Each Borrower further promises to pay interest on the aggregate unpaid principal amount hereof at the rates provided in the Loan Agreement from the date hereof until payment in full hereof. Accrued interest shall be payable on the dates specified in the Loan Agreement.
All payments of principal and interest under this Note shall be made in lawful money of the United States of America in immediately available funds at the Bank’s office at 00 Xxxxx 0xx Xxxxxx, Xxxxx 0000, Xxxxxxxxxxx, XX 00000, or at such other place as may be designated by the Bank to the Borrowers in writing.
This Note is the Term Note referred to in, and evidences indebtedness incurred under, a Loan and Security Agreement dated as of August 13, 2009 (herein, as it may be amended, modified or supplemented from time to time, called the “Loan Agreement”), among the Borrowers and the Bank, to which Loan Agreement reference is made for a statement of the terms and provisions thereof, including those under which the Borrowers are permitted and required to make prepayments and repayments of principal of such indebtedness and under which such indebtedness may be declared to be immediately due and payable.

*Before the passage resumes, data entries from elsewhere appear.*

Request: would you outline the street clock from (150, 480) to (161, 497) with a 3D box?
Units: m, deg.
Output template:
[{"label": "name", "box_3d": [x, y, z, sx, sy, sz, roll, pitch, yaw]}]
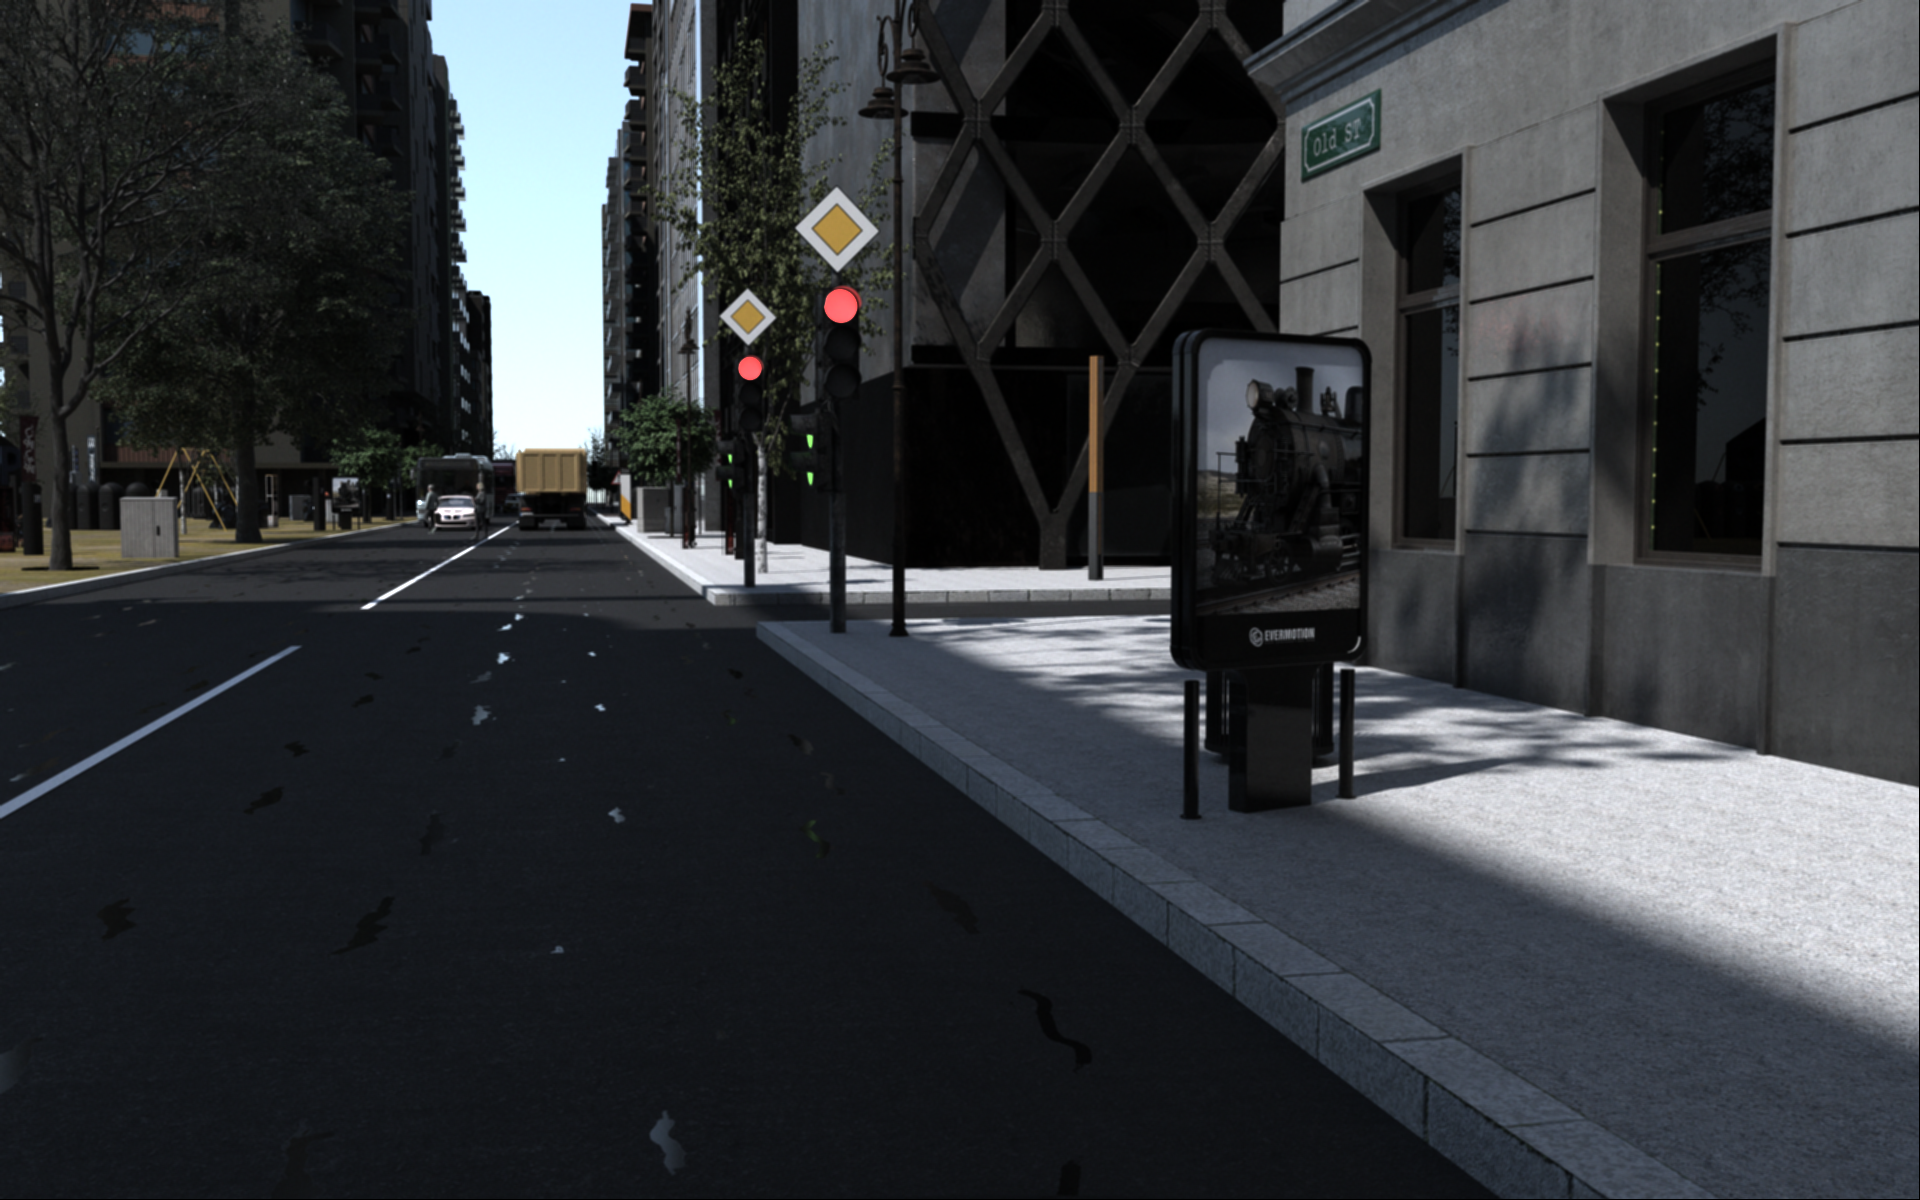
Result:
[{"label": "street clock", "box_3d": [-42.366, -5.300, 91.224, 0.471, 2.002, 0.358, 1, 4, 13]}]

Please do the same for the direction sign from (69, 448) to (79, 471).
[{"label": "direction sign", "box_3d": [-44.175, -5.752, 86.046, 0.876, 3.537, 0.379, 1, 4, 9]}]

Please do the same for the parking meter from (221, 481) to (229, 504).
[{"label": "parking meter", "box_3d": [-33.544, -4.486, 79.061, 0.255, 1.863, 0.399, -2, 4, -33]}]

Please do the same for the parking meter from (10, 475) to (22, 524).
[{"label": "parking meter", "box_3d": [-29.345, -2.953, 53.992, 0.255, 1.863, 0.399, 1, 4, 17]}]

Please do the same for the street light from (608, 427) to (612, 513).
[{"label": "street light", "box_3d": [-23.491, -8.805, 116.753, 0.468, 5.910, 1.993, -1, 4, -13]}]

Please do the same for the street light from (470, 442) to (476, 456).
[{"label": "street light", "box_3d": [-42.200, -10.840, 150.021, 0.468, 5.910, 1.993, -1, 4, -13]}]

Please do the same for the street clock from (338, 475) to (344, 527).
[{"label": "street clock", "box_3d": [-23.903, -3.813, 66.906, 0.471, 2.002, 0.358, 1, 4, 23]}]

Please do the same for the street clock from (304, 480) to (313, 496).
[{"label": "street clock", "box_3d": [-34.316, -5.304, 91.287, 0.358, 2.002, 0.471, 1, 4, 19]}]

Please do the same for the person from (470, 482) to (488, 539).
[{"label": "person", "box_3d": [-15.218, -2.822, 54.831, 0.526, 1.800, 0.537, -2, 4, -28]}]

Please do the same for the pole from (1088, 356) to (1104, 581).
[{"label": "pole", "box_3d": [2.021, -1.947, 25.676, 0.158, 3.312, 0.155, 0, 3, 0]}]

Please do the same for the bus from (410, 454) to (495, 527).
[{"label": "bus", "box_3d": [-22.832, -5.127, 78.678, 2.948, 3.499, 13.247, -1, 4, -12]}]

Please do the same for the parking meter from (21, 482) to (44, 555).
[{"label": "parking meter", "box_3d": [-19.531, -1.716, 36.470, 0.372, 1.533, 0.369, 0, 3, 0]}]

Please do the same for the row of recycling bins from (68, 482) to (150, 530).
[{"label": "row of recycling bins", "box_3d": [-30.585, -3.346, 61.825, 3.534, 1.692, 1.069, 1, 4, 10]}]

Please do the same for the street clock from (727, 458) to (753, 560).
[{"label": "street clock", "box_3d": [-4.309, -1.795, 33.918, 0.471, 2.002, 0.358, 0, 4, 3]}]

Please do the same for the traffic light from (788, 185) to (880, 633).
[{"label": "traffic light", "box_3d": [-1.150, -1.653, 15.946, 0.839, 4.253, 0.868, -1, 4, -13]}]

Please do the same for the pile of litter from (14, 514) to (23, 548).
[{"label": "pile of litter", "box_3d": [-22.894, -1.704, 41.824, 1.176, 0.858, 1.719, 0, 4, 0]}]

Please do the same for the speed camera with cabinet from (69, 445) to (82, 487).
[{"label": "speed camera with cabinet", "box_3d": [-36.027, -4.693, 71.060, 0.660, 3.252, 2.038, 1, 4, 8]}]

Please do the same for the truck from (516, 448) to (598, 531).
[{"label": "truck", "box_3d": [-16.739, -4.622, 71.490, 3.469, 3.379, 9.791, -1, 4, -11]}]

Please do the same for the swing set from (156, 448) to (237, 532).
[{"label": "swing set", "box_3d": [-26.567, -3.832, 60.270, 2.862, 2.851, 3.119, 0, 4, -7]}]

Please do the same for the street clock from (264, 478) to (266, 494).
[{"label": "street clock", "box_3d": [-30.049, -4.328, 75.336, 0.358, 2.002, 0.471, 0, 4, 6]}]

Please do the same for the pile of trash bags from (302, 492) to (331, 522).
[{"label": "pile of trash bags", "box_3d": [-30.145, -4.423, 82.066, 1.912, 1.369, 3.447, -1, 4, -18]}]

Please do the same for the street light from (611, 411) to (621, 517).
[{"label": "street light", "box_3d": [-18.881, -7.535, 95.988, 0.468, 5.910, 1.993, -1, 4, -13]}]

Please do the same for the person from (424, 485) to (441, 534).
[{"label": "person", "box_3d": [-19.120, -3.297, 62.888, 0.515, 1.767, 0.782, 1, 4, 16]}]

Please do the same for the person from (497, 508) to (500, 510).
[{"label": "person", "box_3d": [-42.591, -9.241, 159.675, 0.705, 1.814, 1.350, 0, 3, 0]}]

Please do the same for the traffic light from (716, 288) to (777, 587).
[{"label": "traffic light", "box_3d": [-2.916, -2.129, 23.734, 0.839, 4.253, 0.868, -1, 4, -13]}]

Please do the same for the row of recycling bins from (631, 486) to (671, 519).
[{"label": "row of recycling bins", "box_3d": [-15.658, -4.921, 87.567, 1.069, 1.692, 3.534, -2, 4, -35]}]

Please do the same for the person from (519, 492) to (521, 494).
[{"label": "person", "box_3d": [-56.898, -13.163, 223.845, 1.348, 1.807, 0.705, 1, 4, 18]}]

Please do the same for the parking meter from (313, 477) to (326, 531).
[{"label": "parking meter", "box_3d": [-22.442, -3.362, 60.676, 0.255, 1.863, 0.399, 1, 4, 14]}]

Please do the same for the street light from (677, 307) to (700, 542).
[{"label": "street light", "box_3d": [-6.694, -4.282, 42.806, 0.468, 5.910, 1.993, -1, 4, -13]}]

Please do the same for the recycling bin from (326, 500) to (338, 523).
[{"label": "recycling bin", "box_3d": [-28.106, -3.995, 77.872, 0.722, 1.027, 0.722, -1, 4, -17]}]

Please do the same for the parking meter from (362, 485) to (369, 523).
[{"label": "parking meter", "box_3d": [-26.791, -4.433, 78.188, 0.255, 1.863, 0.399, -3, 5, -41]}]

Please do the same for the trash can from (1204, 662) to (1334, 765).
[{"label": "trash can", "box_3d": [1.482, 0.206, 8.284, 0.748, 1.137, 0.748, 0, 3, 0]}]

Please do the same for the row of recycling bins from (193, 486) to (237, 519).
[{"label": "row of recycling bins", "box_3d": [-38.460, -5.057, 89.795, 1.069, 1.692, 3.534, 1, 4, 14]}]

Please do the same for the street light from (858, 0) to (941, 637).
[{"label": "street light", "box_3d": [-0.553, -2.612, 15.491, 0.468, 5.910, 1.993, -1, 4, -13]}]

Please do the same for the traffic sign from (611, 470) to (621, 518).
[{"label": "traffic sign", "box_3d": [-18.644, -5.794, 94.740, 0.884, 2.594, 0.081, 0, 4, -5]}]

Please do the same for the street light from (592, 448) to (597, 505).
[{"label": "street light", "box_3d": [-35.898, -12.144, 171.344, 0.468, 5.910, 1.993, -1, 4, -13]}]

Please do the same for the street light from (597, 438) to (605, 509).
[{"label": "street light", "box_3d": [-29.664, -10.468, 143.935, 0.468, 5.910, 1.993, -1, 4, -13]}]

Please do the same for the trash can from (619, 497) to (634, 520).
[{"label": "trash can", "box_3d": [-16.258, -4.458, 84.547, 0.748, 1.137, 0.748, 0, 3, 0]}]

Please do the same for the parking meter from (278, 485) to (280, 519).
[{"label": "parking meter", "box_3d": [-35.743, -5.180, 90.410, 0.255, 1.863, 0.399, 3, 5, 39]}]

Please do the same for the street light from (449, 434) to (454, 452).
[{"label": "street light", "box_3d": [-36.052, -9.190, 123.042, 0.468, 5.910, 1.993, -1, 4, -13]}]

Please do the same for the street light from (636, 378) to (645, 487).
[{"label": "street light", "box_3d": [-12.742, -5.898, 69.227, 0.468, 5.910, 1.993, -1, 4, -13]}]

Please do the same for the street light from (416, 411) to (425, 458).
[{"label": "street light", "box_3d": [-29.968, -7.557, 96.352, 0.468, 5.910, 1.993, -1, 4, -13]}]

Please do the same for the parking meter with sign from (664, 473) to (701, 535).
[{"label": "parking meter with sign", "box_3d": [-8.753, -3.589, 54.938, 0.543, 3.016, 1.738, -3, 5, -45]}]

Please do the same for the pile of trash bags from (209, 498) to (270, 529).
[{"label": "pile of trash bags", "box_3d": [-26.546, -3.322, 64.073, 1.912, 1.369, 3.447, -2, 4, -33]}]

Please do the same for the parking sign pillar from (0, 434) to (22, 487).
[{"label": "parking sign pillar", "box_3d": [-38.860, -5.033, 70.761, 1.447, 3.967, 1.447, 1, 4, 18]}]

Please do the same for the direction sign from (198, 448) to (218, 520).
[{"label": "direction sign", "box_3d": [-36.700, -5.664, 84.606, 0.876, 3.537, 0.379, -1, 4, -8]}]

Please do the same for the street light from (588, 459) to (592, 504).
[{"label": "street light", "box_3d": [-42.245, -13.842, 199.098, 0.468, 5.910, 1.993, -1, 4, -13]}]

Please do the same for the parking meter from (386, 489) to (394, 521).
[{"label": "parking meter", "box_3d": [-27.627, -4.618, 83.912, 0.372, 1.533, 0.369, 0, 3, 0]}]

All parties hereto, whether as makers, endorsers or otherwise, severally waive presentment, demand, protest and notice of dishonor in connection with this Note.
This Note is made under and governed by the internal laws of the State of Minnesota.
[REMAINDER OF XXXX LEFT INTENTIONALLY BLANK]
IN WITNESS WHEREOF, the undersigned have caused this Note to be executed as of the date first set forth above.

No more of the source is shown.